• [EXERCISE GOAL]:
Whenever "each" occurs in a line of the material, list that line.

• [PROVIDED RECORDS]:
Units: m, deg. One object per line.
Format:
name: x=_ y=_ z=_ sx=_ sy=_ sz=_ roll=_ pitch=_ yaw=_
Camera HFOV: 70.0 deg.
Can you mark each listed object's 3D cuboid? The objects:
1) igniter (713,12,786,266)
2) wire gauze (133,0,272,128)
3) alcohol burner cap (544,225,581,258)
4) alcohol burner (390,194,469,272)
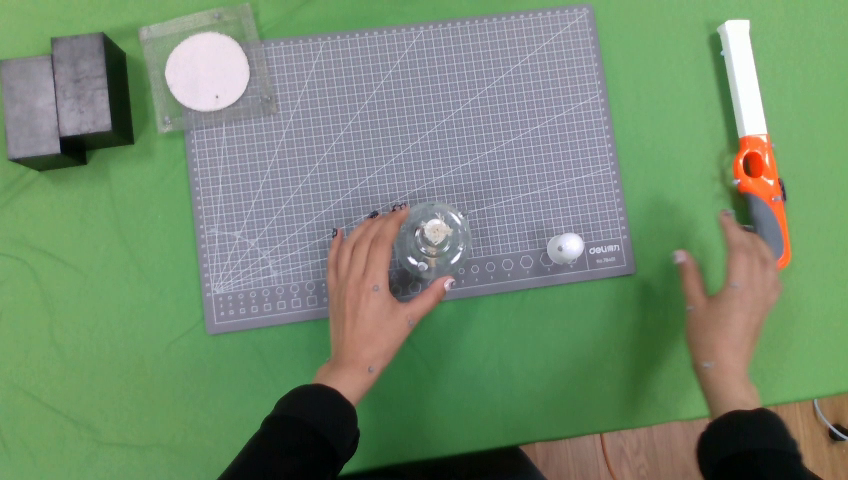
igniter: x=0.350 y=-0.110 z=0.652 sx=0.057 sy=0.025 sz=0.276 roll=-7 pitch=86 yaw=-14
wire gauze: x=-0.233 y=-0.185 z=0.634 sx=0.125 sy=0.011 sz=0.121 roll=-13 pitch=85 yaw=-3
alcohol burner cap: x=0.145 y=0.000 z=0.623 sx=0.034 sy=0.048 sz=0.034 roll=0 pitch=84 yaw=-2
alcohol burner: x=0.006 y=-0.009 z=0.581 sx=0.078 sy=0.119 sz=0.077 roll=0 pitch=83 yaw=-3
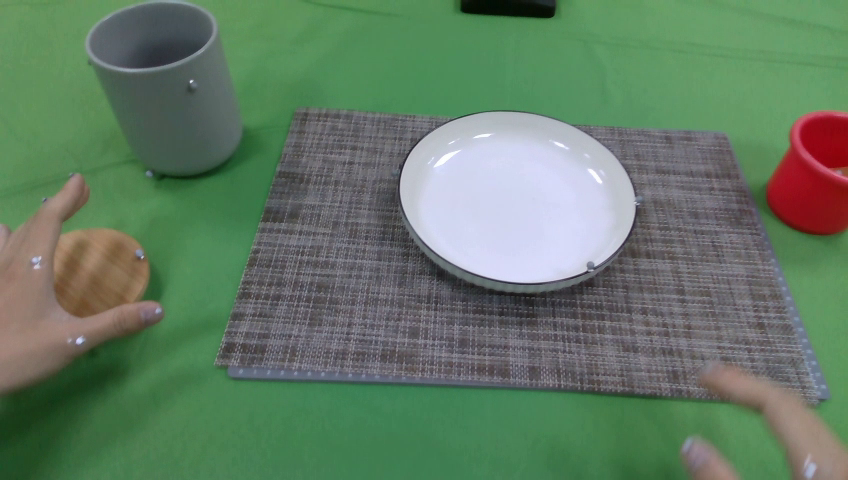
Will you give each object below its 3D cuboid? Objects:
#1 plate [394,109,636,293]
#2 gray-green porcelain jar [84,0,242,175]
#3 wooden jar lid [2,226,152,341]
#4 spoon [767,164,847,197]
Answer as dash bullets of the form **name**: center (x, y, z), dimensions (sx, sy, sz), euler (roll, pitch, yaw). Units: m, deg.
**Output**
- **plate**: center (0.078, -0.035, 0.537), dimensions (0.208, 0.039, 0.205), euler (1, 51, -1)
- **gray-green porcelain jar**: center (-0.226, -0.131, 0.548), dimensions (0.106, 0.127, 0.105), euler (1, 51, -1)
- **wooden jar lid**: center (-0.272, 0.035, 0.482), dimensions (0.108, 0.021, 0.107), euler (2, 52, -3)
- **spoon**: center (0.398, -0.067, 0.513), dimensions (0.193, 0.022, 0.041), euler (-15, 33, 46)

• [OUTPUT FOR THIS EXERCISE]:
Can you mark each listed object's 3D cuboid? The objects:
Will you give each object below its 3D cuboid? Objects:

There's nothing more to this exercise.